A good way to prolong the feeling of summer is to continue to eat like it’s not going to end. And lately we’ve been eating so much corn that I’m worried my liver might become foie gras. When it comes to corn on the cob, I’m a plain guy. Yes, that’s right, I don’t use butter or salt. I like my corny sweetness pure and unadulterated. But off the cob, I go town.
With regular access to a grill for the first time in decades this summer, I’ve been grilling a lot of cobs. I like the street-corn flavor of charred kernels, especially in a salad. My friend Bonnie just divulged her favorite, new, easy way to grill corn in its husk on Instagram, which I have yet to try. (I’ll report back next week.) But when I’m making a salad from kernels off the cob, I like the taste of a little char in each bite.

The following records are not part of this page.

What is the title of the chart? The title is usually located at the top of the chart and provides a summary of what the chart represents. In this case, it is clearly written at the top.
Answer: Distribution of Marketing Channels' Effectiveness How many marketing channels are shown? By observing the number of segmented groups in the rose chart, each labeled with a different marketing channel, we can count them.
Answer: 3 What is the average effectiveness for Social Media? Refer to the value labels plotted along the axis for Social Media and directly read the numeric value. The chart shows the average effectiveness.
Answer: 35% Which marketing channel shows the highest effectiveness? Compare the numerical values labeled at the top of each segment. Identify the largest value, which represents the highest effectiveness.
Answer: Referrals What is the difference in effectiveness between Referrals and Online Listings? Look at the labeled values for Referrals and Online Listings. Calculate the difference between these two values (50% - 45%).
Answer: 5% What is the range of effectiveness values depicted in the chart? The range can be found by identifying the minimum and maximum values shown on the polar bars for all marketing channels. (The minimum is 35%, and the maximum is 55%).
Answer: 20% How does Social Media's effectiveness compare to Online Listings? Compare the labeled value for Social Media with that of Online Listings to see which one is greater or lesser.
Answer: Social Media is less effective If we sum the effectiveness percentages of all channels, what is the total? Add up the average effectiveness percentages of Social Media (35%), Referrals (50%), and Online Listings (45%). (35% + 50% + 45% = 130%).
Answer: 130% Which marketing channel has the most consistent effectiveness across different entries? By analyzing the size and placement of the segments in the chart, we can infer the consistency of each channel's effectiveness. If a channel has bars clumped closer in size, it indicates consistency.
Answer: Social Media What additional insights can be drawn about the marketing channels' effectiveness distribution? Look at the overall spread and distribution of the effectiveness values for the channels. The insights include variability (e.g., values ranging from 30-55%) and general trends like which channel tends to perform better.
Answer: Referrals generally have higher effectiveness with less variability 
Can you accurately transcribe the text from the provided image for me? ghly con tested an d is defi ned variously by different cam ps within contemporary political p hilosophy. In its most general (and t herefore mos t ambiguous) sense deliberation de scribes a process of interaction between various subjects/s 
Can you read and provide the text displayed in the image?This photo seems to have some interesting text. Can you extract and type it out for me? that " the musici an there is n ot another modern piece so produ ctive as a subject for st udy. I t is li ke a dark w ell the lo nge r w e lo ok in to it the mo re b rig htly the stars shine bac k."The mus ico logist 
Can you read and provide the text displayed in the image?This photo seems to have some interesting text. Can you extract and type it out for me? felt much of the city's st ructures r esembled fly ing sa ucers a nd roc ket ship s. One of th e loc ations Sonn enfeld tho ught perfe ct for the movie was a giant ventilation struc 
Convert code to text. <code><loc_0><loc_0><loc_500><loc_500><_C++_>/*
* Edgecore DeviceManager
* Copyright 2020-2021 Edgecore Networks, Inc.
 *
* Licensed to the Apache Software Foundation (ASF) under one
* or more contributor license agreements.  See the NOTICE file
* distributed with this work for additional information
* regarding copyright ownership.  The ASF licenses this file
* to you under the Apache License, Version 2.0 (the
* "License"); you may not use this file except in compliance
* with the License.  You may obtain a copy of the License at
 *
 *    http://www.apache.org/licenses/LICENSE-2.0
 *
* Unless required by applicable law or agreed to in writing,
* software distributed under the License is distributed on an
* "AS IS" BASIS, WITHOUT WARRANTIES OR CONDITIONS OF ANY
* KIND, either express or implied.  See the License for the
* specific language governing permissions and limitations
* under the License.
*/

Here’s a quick, summery salad you can make with grilled corn. If you don’t have a grill, you can char the cobs under the broiler or directly over a gas flame. If you don’t have either of those, you can remove the kernels from the cob and char them in a hot, dry cast-iron skillet. And if all of that is just too much of a bother, you can use the kernels raw, which is something my mind was first opened to by Emily Nunn in her Department of Salad newsletter. Turns out raw, sweet corn is pretty great, too.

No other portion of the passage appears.